• [Task statement]: Transcribe every record verbatim; no pictures.

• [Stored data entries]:
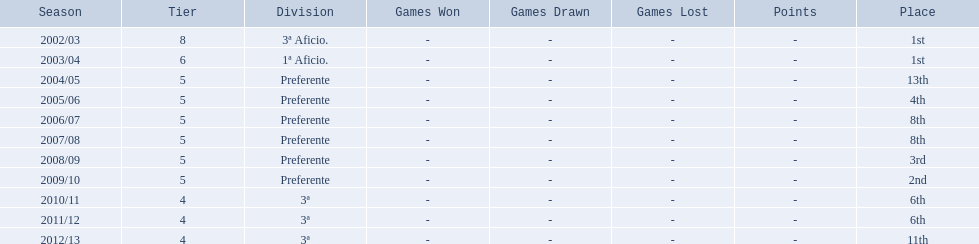How many times did  internacional de madrid cf come in 6th place? 6th, 6th. What is the first season that the team came in 6th place? 2010/11. Which season after the first did they place in 6th again? 2011/12. Can you give me this table in json format? {'header': ['Season', 'Tier', 'Division', 'Games Won', 'Games Drawn', 'Games Lost', 'Points', 'Place'], 'rows': [['2002/03', '8', '3ª Aficio.', '-', '-', '-', '-', '1st'], ['2003/04', '6', '1ª Aficio.', '-', '-', '-', '-', '1st'], ['2004/05', '5', 'Preferente', '-', '-', '-', '-', '13th'], ['2005/06', '5', 'Preferente', '-', '-', '-', '-', '4th'], ['2006/07', '5', 'Preferente', '-', '-', '-', '-', '8th'], ['2007/08', '5', 'Preferente', '-', '-', '-', '-', '8th'], ['2008/09', '5', 'Preferente', '-', '-', '-', '-', '3rd'], ['2009/10', '5', 'Preferente', '-', '-', '-', '-', '2nd'], ['2010/11', '4', '3ª', '-', '-', '-', '-', '6th'], ['2011/12', '4', '3ª', '-', '-', '-', '-', '6th'], ['2012/13', '4', '3ª', '-', '-', '-', '-', '11th']]} 
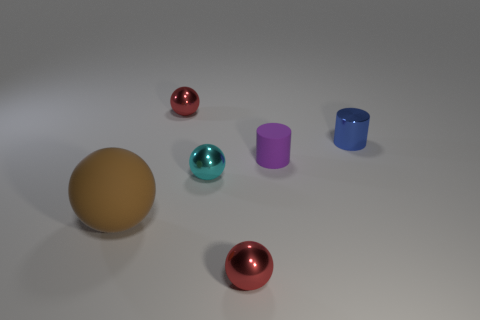Subtract all red balls. How many were subtracted if there are1red balls left? 1 Add 3 small rubber cylinders. How many objects exist? 9 Subtract all cyan metal balls. How many balls are left? 3 Subtract all balls. How many objects are left? 2 Subtract 2 cylinders. How many cylinders are left? 0 Subtract all gray balls. Subtract all brown cylinders. How many balls are left? 4 Subtract all purple cubes. How many purple spheres are left? 0 Subtract all blue cylinders. Subtract all spheres. How many objects are left? 1 Add 3 small shiny cylinders. How many small shiny cylinders are left? 4 Add 1 large green matte things. How many large green matte things exist? 1 
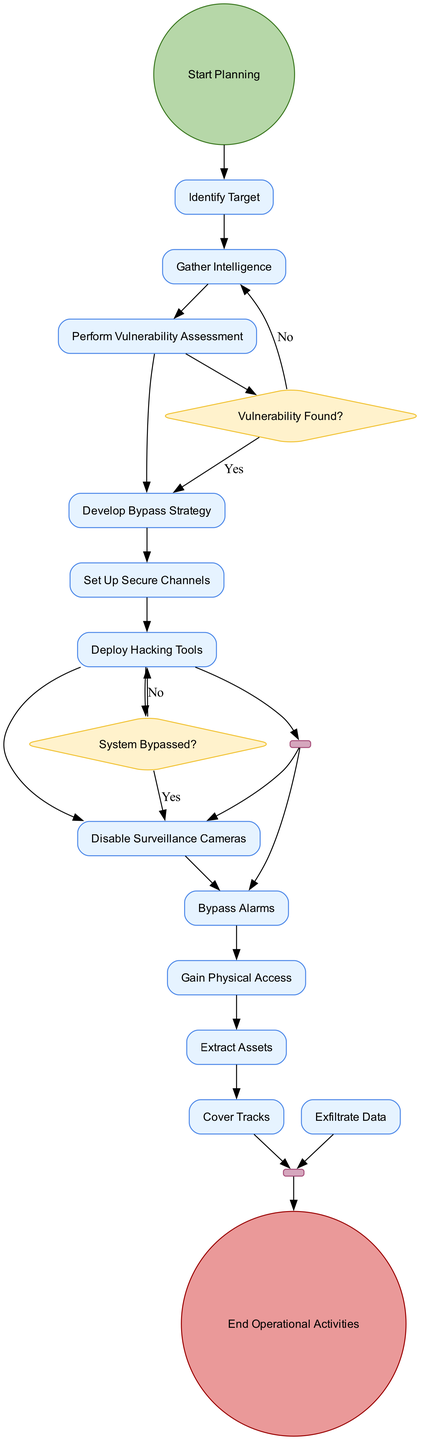What is the starting point of the process? The starting point of the process is indicated as a node labeled "Start Planning." This is the first activity from which all subsequent actions flow.
Answer: Start Planning How many activities are there in total? The diagram lists 12 distinct activities, starting from "Identify Target" through to "Cover Tracks." Counting all these nodes gives a total of 12 activities.
Answer: 12 Which activity follows "Gather Intelligence"? In the flow of the diagram, "Perform Vulnerability Assessment" directly follows the "Gather Intelligence" activity, indicating the next step after intelligence gathering.
Answer: Perform Vulnerability Assessment What decision follows "Perform Vulnerability Assessment"? After "Perform Vulnerability Assessment," the next action is a decision node labeled "Vulnerability Found?", determining whether vulnerabilities exist in the system.
Answer: Vulnerability Found? What happens if the decision "Vulnerability Found?" is answered "No"? If the decision "Vulnerability Found?" is answered "No," the flow leads back to "Gather Intelligence," suggesting the need for more information gathering before proceeding.
Answer: Gather Intelligence What two activities are handled concurrently? The split in the diagram indicates that "Disable Surveillance Cameras" and "Bypass Alarms" are managed simultaneously, as represented by the concurrent handling node labeled "Concurrently Disable and Bypass."
Answer: Disable Surveillance Cameras and Bypass Alarms Which activities are merged before ending the process? The final activities "Cover Tracks" and "Exfiltrate Data" are merged before concluding the process. This indicates that both actions must be completed before the hacking operation ends.
Answer: Cover Tracks and Exfiltrate Data What is the last activity before ending the operational activities? The last activity before reaching the end node is labeled "Cover Tracks," which is essential for ensuring that no evidence is left behind before concluding all operational activities.
Answer: Cover Tracks What is the end point of the process? The end point of the process is indicated as "End Operational Activities," which marks the conclusion of all hacking efforts and the securing of any acquired assets.
Answer: End Operational Activities 
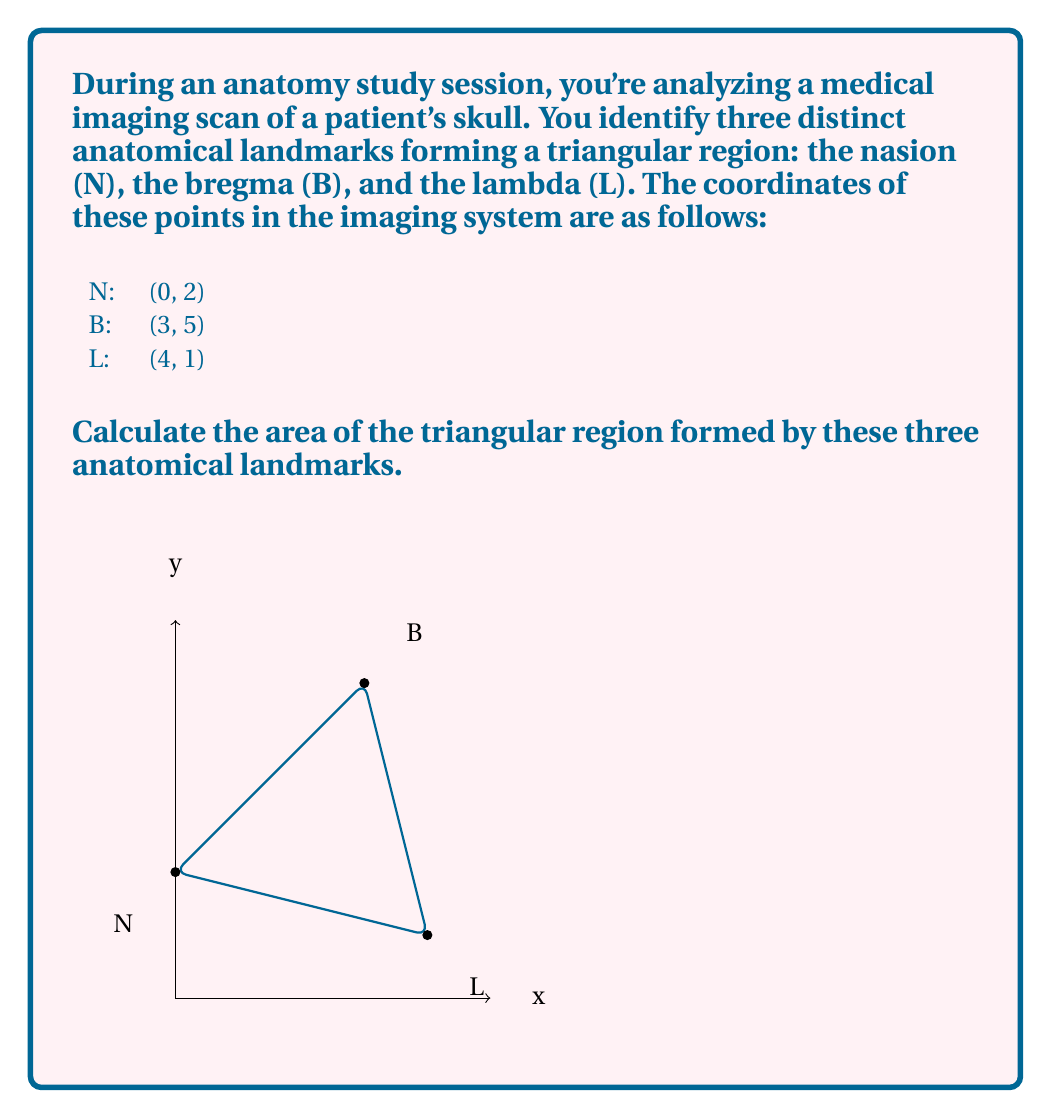What is the answer to this math problem? To calculate the area of a triangle given the coordinates of its vertices, we can use the formula:

$$ \text{Area} = \frac{1}{2}|\text{det}(A)|$$

where A is the matrix:

$$ A = \begin{pmatrix}
x_1 & y_1 & 1 \\
x_2 & y_2 & 1 \\
x_3 & y_3 & 1
\end{pmatrix} $$

Let's follow these steps:

1) First, we create the matrix A using the given coordinates:

$$ A = \begin{pmatrix}
0 & 2 & 1 \\
3 & 5 & 1 \\
4 & 1 & 1
\end{pmatrix} $$

2) Now, we calculate the determinant of this matrix:

$$ \text{det}(A) = 0(5-1) - 2(3-4) + 1(3-8) $$
$$ = 0(4) - 2(-1) + 1(-5) $$
$$ = 0 + 2 - 5 $$
$$ = -3 $$

3) We take the absolute value of this determinant:

$$ |\text{det}(A)| = |-3| = 3 $$

4) Finally, we multiply by $\frac{1}{2}$ to get the area:

$$ \text{Area} = \frac{1}{2} \cdot 3 = 1.5 $$

Therefore, the area of the triangular region formed by these anatomical landmarks is 1.5 square units in the imaging system's scale.
Answer: $1.5$ square units 
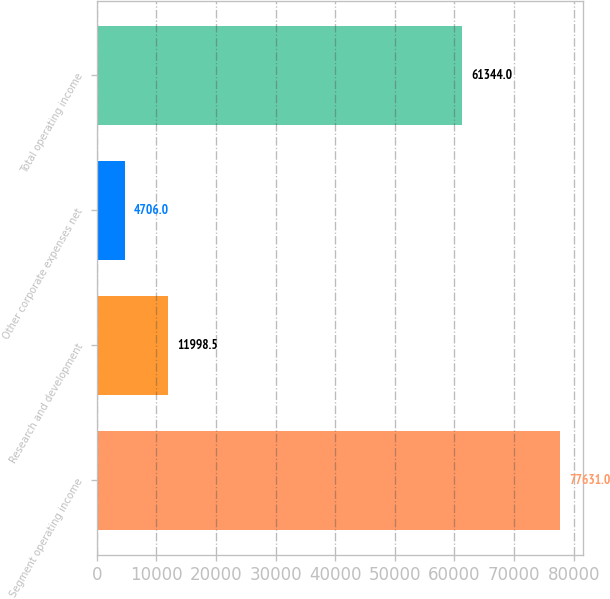Convert chart to OTSL. <chart><loc_0><loc_0><loc_500><loc_500><bar_chart><fcel>Segment operating income<fcel>Research and development<fcel>Other corporate expenses net<fcel>Total operating income<nl><fcel>77631<fcel>11998.5<fcel>4706<fcel>61344<nl></chart>

• [Response below]:
How many times did  internacional de madrid cf come in 6th place? 6th, 6th. What is the first season that the team came in 6th place? 2010/11. Which season after the first did they place in 6th again? 2011/12. Can you give me this table in json format? {'header': ['Season', 'Tier', 'Division', 'Games Won', 'Games Drawn', 'Games Lost', 'Points', 'Place'], 'rows': [['2002/03', '8', '3ª Aficio.', '-', '-', '-', '-', '1st'], ['2003/04', '6', '1ª Aficio.', '-', '-', '-', '-', '1st'], ['2004/05', '5', 'Preferente', '-', '-', '-', '-', '13th'], ['2005/06', '5', 'Preferente', '-', '-', '-', '-', '4th'], ['2006/07', '5', 'Preferente', '-', '-', '-', '-', '8th'], ['2007/08', '5', 'Preferente', '-', '-', '-', '-', '8th'], ['2008/09', '5', 'Preferente', '-', '-', '-', '-', '3rd'], ['2009/10', '5', 'Preferente', '-', '-', '-', '-', '2nd'], ['2010/11', '4', '3ª', '-', '-', '-', '-', '6th'], ['2011/12', '4', '3ª', '-', '-', '-', '-', '6th'], ['2012/13', '4', '3ª', '-', '-', '-', '-', '11th']]} 
Subtract all red balls. How many were subtracted if there are1red balls left? 1 Add 3 small rubber cylinders. How many objects exist? 9 Subtract all cyan metal balls. How many balls are left? 3 Subtract all balls. How many objects are left? 2 Subtract 2 cylinders. How many cylinders are left? 0 Subtract all gray balls. Subtract all brown cylinders. How many balls are left? 4 Subtract all purple cubes. How many purple spheres are left? 0 Subtract all blue cylinders. Subtract all spheres. How many objects are left? 1 Add 3 small shiny cylinders. How many small shiny cylinders are left? 4 Add 1 large green matte things. How many large green matte things exist? 1 
What is the starting point of the process? The starting point of the process is indicated as a node labeled "Start Planning." This is the first activity from which all subsequent actions flow.
Answer: Start Planning How many activities are there in total? The diagram lists 12 distinct activities, starting from "Identify Target" through to "Cover Tracks." Counting all these nodes gives a total of 12 activities.
Answer: 12 Which activity follows "Gather Intelligence"? In the flow of the diagram, "Perform Vulnerability Assessment" directly follows the "Gather Intelligence" activity, indicating the next step after intelligence gathering.
Answer: Perform Vulnerability Assessment What decision follows "Perform Vulnerability Assessment"? After "Perform Vulnerability Assessment," the next action is a decision node labeled "Vulnerability Found?", determining whether vulnerabilities exist in the system.
Answer: Vulnerability Found? What happens if the decision "Vulnerability Found?" is answered "No"? If the decision "Vulnerability Found?" is answered "No," the flow leads back to "Gather Intelligence," suggesting the need for more information gathering before proceeding.
Answer: Gather Intelligence What two activities are handled concurrently? The split in the diagram indicates that "Disable Surveillance Cameras" and "Bypass Alarms" are managed simultaneously, as represented by the concurrent handling node labeled "Concurrently Disable and Bypass."
Answer: Disable Surveillance Cameras and Bypass Alarms Which activities are merged before ending the process? The final activities "Cover Tracks" and "Exfiltrate Data" are merged before concluding the process. This indicates that both actions must be completed before the hacking operation ends.
Answer: Cover Tracks and Exfiltrate Data What is the last activity before ending the operational activities? The last activity before reaching the end node is labeled "Cover Tracks," which is essential for ensuring that no evidence is left behind before concluding all operational activities.
Answer: Cover Tracks What is the end point of the process? The end point of the process is indicated as "End Operational Activities," which marks the conclusion of all hacking efforts and the securing of any acquired assets.
Answer: End Operational Activities 
What is the answer to this math problem? To calculate the area of a triangle given the coordinates of its vertices, we can use the formula:

$$ \text{Area} = \frac{1}{2}|\text{det}(A)|$$

where A is the matrix:

$$ A = \begin{pmatrix}
x_1 & y_1 & 1 \\
x_2 & y_2 & 1 \\
x_3 & y_3 & 1
\end{pmatrix} $$

Let's follow these steps:

1) First, we create the matrix A using the given coordinates:

$$ A = \begin{pmatrix}
0 & 2 & 1 \\
3 & 5 & 1 \\
4 & 1 & 1
\end{pmatrix} $$

2) Now, we calculate the determinant of this matrix:

$$ \text{det}(A) = 0(5-1) - 2(3-4) + 1(3-8) $$
$$ = 0(4) - 2(-1) + 1(-5) $$
$$ = 0 + 2 - 5 $$
$$ = -3 $$

3) We take the absolute value of this determinant:

$$ |\text{det}(A)| = |-3| = 3 $$

4) Finally, we multiply by $\frac{1}{2}$ to get the area:

$$ \text{Area} = \frac{1}{2} \cdot 3 = 1.5 $$

Therefore, the area of the triangular region formed by these anatomical landmarks is 1.5 square units in the imaging system's scale.
Answer: $1.5$ square units 
Convert chart to OTSL. <chart><loc_0><loc_0><loc_500><loc_500><bar_chart><fcel>Segment operating income<fcel>Research and development<fcel>Other corporate expenses net<fcel>Total operating income<nl><fcel>77631<fcel>11998.5<fcel>4706<fcel>61344<nl></chart>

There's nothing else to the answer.